TASK MATERIAL
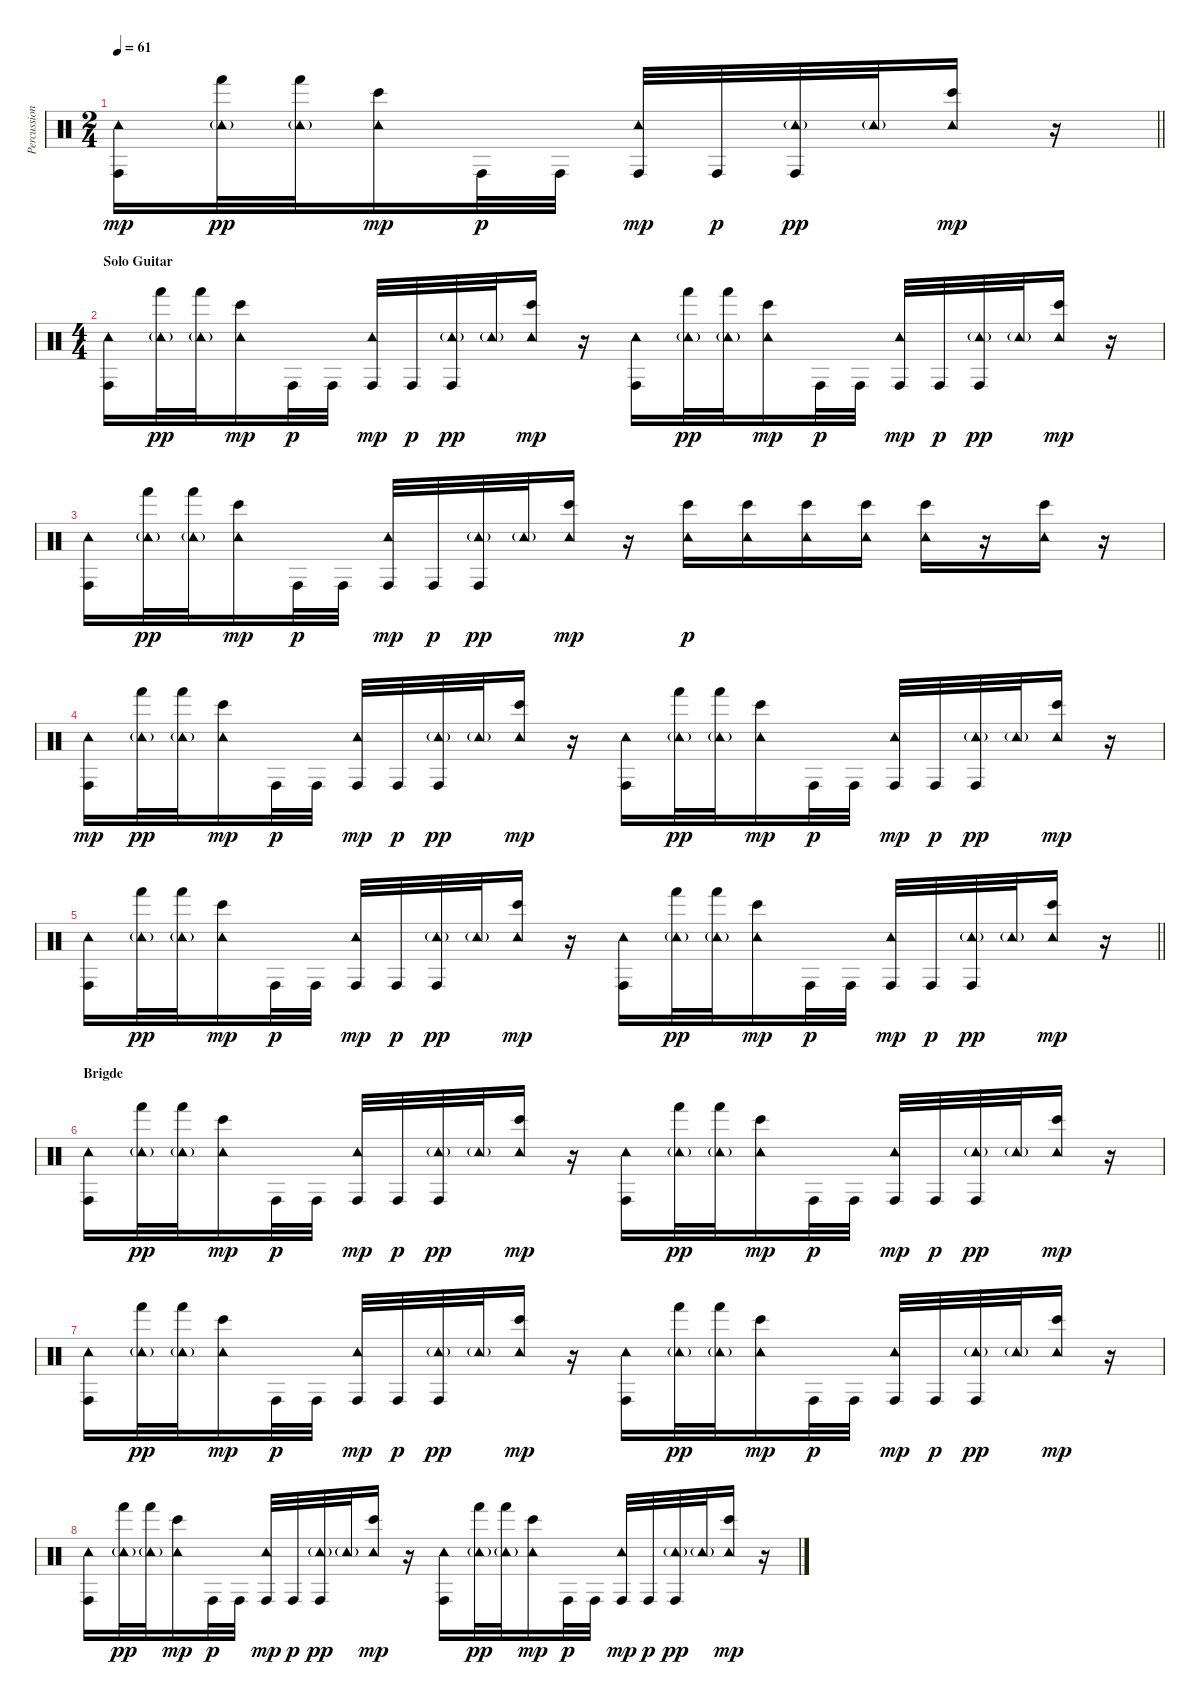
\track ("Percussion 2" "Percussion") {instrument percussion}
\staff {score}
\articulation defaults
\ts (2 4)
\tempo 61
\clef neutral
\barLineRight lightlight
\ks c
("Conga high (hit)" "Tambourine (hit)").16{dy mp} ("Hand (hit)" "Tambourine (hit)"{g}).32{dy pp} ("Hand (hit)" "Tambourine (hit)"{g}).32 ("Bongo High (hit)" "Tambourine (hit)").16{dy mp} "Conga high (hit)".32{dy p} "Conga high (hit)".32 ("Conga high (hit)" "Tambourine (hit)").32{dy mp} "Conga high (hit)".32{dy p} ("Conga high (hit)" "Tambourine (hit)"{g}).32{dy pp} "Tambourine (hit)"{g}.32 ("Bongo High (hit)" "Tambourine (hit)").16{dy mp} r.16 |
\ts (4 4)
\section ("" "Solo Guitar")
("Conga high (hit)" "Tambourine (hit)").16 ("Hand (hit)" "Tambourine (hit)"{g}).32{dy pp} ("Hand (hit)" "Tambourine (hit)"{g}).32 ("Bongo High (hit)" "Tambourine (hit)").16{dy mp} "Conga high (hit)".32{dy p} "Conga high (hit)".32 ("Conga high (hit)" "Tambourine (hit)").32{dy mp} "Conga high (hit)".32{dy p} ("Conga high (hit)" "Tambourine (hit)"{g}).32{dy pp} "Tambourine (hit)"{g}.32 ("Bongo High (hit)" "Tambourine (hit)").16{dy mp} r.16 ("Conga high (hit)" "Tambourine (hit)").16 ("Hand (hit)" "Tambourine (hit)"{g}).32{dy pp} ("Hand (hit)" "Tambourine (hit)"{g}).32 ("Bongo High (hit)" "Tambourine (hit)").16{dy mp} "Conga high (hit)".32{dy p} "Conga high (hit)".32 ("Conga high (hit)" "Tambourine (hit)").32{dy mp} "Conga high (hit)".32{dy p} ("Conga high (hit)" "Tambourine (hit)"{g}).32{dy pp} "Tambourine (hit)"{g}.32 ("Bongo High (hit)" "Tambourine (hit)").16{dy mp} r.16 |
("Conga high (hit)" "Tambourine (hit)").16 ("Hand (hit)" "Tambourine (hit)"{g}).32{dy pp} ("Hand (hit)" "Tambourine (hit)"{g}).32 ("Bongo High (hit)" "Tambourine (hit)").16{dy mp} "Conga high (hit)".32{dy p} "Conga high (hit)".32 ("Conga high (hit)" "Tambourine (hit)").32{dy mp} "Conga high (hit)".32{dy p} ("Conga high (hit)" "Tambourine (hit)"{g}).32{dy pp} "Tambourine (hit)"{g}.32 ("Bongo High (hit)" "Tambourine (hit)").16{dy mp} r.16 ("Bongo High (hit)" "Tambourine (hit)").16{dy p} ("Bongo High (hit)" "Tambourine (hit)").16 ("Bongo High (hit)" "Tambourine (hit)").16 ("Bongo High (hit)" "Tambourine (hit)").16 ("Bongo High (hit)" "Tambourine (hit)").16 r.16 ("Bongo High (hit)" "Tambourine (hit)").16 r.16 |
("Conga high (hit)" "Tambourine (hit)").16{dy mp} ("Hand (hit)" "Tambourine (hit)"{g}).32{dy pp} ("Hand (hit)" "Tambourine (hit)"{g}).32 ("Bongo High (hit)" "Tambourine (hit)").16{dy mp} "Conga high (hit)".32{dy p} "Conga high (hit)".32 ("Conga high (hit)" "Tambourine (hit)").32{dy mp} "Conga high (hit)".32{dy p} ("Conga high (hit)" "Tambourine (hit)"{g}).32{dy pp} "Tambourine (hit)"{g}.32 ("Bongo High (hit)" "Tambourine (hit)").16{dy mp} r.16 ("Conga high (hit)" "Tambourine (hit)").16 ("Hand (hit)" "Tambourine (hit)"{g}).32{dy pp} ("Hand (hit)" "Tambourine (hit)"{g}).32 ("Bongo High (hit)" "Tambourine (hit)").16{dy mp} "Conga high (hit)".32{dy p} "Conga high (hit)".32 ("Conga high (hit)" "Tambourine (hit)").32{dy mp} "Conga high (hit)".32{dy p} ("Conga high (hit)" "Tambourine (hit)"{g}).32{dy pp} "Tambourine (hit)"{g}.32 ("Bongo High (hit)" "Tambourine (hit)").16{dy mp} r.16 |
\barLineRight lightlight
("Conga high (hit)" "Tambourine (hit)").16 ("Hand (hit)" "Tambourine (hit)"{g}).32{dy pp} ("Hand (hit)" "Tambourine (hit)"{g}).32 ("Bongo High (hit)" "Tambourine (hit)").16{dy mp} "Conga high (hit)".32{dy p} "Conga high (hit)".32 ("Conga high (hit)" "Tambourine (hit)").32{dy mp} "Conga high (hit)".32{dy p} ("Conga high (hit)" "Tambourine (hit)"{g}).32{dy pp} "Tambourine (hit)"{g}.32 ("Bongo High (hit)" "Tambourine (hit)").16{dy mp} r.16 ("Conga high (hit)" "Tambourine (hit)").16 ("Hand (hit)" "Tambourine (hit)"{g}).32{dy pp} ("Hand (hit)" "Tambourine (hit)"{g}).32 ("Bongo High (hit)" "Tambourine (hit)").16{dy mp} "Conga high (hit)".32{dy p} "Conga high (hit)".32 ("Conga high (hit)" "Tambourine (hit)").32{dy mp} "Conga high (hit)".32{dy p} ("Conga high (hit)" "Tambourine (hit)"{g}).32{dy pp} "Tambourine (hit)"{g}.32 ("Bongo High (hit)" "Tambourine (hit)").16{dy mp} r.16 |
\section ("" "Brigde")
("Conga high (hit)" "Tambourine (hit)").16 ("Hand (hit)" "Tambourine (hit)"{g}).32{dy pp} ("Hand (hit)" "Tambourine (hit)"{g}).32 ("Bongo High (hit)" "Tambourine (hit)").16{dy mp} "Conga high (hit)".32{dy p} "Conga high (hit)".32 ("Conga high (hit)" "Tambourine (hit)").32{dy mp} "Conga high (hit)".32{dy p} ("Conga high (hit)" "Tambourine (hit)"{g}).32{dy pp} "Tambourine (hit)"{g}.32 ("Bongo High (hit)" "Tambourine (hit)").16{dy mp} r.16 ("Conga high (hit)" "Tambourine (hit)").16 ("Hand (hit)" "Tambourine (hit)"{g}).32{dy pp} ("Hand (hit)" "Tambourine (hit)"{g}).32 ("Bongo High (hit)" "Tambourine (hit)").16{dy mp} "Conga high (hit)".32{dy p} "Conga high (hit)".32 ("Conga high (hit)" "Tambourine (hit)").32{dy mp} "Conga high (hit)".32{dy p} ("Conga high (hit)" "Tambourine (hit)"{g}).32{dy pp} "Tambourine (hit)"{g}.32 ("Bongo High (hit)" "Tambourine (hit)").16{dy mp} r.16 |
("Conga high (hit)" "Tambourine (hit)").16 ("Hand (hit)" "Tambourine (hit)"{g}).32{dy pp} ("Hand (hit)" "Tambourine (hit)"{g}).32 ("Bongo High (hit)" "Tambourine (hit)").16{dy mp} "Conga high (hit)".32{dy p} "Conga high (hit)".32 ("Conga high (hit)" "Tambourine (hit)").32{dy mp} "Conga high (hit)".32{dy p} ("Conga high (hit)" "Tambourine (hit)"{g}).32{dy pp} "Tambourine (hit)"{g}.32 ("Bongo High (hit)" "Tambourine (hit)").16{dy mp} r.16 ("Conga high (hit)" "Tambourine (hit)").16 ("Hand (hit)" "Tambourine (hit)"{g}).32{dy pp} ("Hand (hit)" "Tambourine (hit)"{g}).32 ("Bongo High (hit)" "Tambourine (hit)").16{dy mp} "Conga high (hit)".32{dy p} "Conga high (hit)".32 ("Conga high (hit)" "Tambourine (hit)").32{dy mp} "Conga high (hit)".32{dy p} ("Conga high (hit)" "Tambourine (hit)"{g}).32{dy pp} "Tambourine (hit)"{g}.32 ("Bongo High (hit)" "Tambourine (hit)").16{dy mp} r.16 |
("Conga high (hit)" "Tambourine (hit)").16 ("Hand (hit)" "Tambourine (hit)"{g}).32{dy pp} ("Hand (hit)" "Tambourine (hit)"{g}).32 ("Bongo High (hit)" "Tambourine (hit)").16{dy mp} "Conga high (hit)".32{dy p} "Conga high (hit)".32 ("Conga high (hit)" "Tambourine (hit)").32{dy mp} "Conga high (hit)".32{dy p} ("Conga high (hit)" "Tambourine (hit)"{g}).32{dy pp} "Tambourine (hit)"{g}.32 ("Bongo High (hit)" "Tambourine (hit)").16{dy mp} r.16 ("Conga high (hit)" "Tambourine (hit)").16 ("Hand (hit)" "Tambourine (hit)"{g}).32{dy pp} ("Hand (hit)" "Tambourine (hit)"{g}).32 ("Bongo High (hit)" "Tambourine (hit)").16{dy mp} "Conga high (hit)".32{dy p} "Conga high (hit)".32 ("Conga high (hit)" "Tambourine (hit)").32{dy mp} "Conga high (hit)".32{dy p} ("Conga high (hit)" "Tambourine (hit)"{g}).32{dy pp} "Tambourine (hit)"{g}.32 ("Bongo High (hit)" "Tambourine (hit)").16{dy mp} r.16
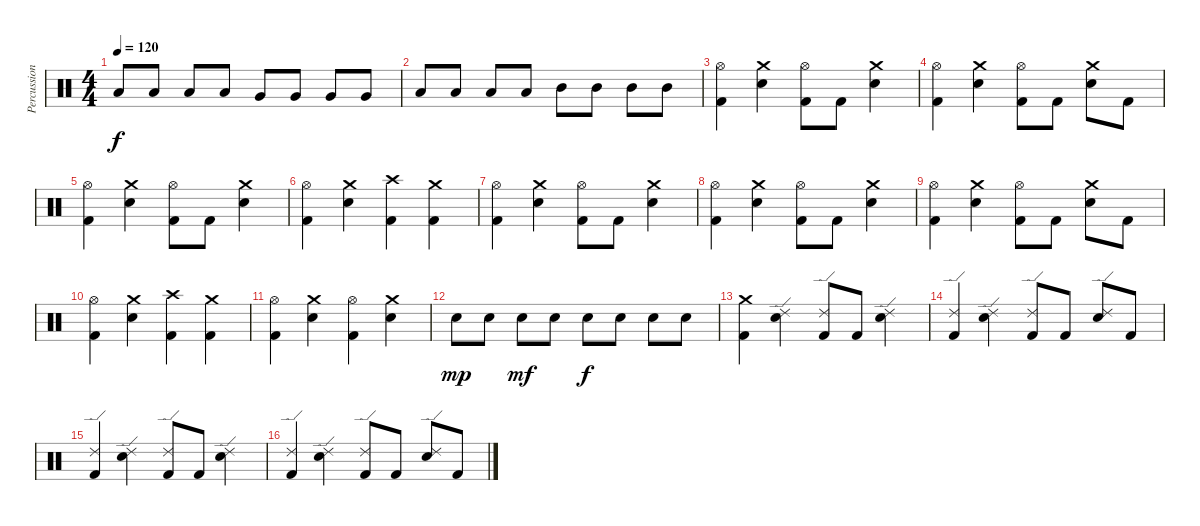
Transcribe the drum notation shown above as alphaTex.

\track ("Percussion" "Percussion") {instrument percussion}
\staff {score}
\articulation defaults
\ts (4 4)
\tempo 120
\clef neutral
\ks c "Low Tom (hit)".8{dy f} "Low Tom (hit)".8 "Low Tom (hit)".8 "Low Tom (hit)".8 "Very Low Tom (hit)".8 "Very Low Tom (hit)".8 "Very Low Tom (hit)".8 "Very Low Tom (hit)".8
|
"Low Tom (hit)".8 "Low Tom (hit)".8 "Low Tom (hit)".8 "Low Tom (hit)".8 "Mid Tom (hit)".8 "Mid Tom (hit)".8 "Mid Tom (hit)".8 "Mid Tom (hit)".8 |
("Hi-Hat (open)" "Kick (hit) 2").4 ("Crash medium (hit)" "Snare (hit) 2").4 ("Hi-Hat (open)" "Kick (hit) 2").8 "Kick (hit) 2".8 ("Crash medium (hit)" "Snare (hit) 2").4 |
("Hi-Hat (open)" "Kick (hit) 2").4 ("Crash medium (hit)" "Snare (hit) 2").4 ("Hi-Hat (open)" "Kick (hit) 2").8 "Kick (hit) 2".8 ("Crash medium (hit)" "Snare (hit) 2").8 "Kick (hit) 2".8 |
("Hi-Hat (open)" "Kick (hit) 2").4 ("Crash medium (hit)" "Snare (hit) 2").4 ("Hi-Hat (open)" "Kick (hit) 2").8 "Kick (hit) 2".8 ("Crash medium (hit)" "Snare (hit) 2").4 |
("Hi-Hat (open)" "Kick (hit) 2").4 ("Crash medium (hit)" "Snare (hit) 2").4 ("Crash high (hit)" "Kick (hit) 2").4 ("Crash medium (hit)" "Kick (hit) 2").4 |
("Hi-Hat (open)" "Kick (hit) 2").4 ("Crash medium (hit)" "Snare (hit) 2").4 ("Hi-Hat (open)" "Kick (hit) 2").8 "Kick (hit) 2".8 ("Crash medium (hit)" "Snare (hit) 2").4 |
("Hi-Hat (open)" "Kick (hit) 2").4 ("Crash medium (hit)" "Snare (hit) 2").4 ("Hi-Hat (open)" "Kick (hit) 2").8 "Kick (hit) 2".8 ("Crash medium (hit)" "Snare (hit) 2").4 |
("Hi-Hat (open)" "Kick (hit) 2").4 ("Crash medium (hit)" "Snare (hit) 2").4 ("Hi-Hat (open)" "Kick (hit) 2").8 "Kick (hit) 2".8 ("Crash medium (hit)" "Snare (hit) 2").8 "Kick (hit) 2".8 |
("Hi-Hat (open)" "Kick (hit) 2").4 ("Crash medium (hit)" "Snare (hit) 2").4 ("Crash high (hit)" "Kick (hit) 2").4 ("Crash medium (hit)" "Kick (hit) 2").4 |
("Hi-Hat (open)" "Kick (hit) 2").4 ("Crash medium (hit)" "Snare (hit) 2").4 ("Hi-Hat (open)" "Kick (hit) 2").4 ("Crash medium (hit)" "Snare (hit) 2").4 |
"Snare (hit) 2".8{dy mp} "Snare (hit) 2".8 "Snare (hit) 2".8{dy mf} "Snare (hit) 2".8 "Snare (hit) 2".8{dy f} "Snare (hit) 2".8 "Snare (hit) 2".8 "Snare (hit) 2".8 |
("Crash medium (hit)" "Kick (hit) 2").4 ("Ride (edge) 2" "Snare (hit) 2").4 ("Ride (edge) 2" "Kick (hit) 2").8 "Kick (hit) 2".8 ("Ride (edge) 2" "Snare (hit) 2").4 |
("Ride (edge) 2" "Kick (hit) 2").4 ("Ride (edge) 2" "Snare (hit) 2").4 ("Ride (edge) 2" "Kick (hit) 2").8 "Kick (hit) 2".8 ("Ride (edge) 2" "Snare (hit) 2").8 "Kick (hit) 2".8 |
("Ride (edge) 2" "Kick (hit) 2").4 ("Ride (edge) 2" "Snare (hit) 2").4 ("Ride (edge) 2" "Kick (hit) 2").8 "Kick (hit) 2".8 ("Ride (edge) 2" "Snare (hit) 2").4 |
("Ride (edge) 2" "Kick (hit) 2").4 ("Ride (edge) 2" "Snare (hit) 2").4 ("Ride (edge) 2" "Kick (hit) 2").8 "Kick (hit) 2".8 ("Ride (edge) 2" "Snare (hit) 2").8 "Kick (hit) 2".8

AIM OF THE TASK
From the material above, gather all lines that include the string "track" and copy them.

OUTPUT FOR THIS EXERCISE
\track ("Percussion 2" "Percussion") {instrument percussion}
\track ("Percussion" "Percussion") {instrument percussion}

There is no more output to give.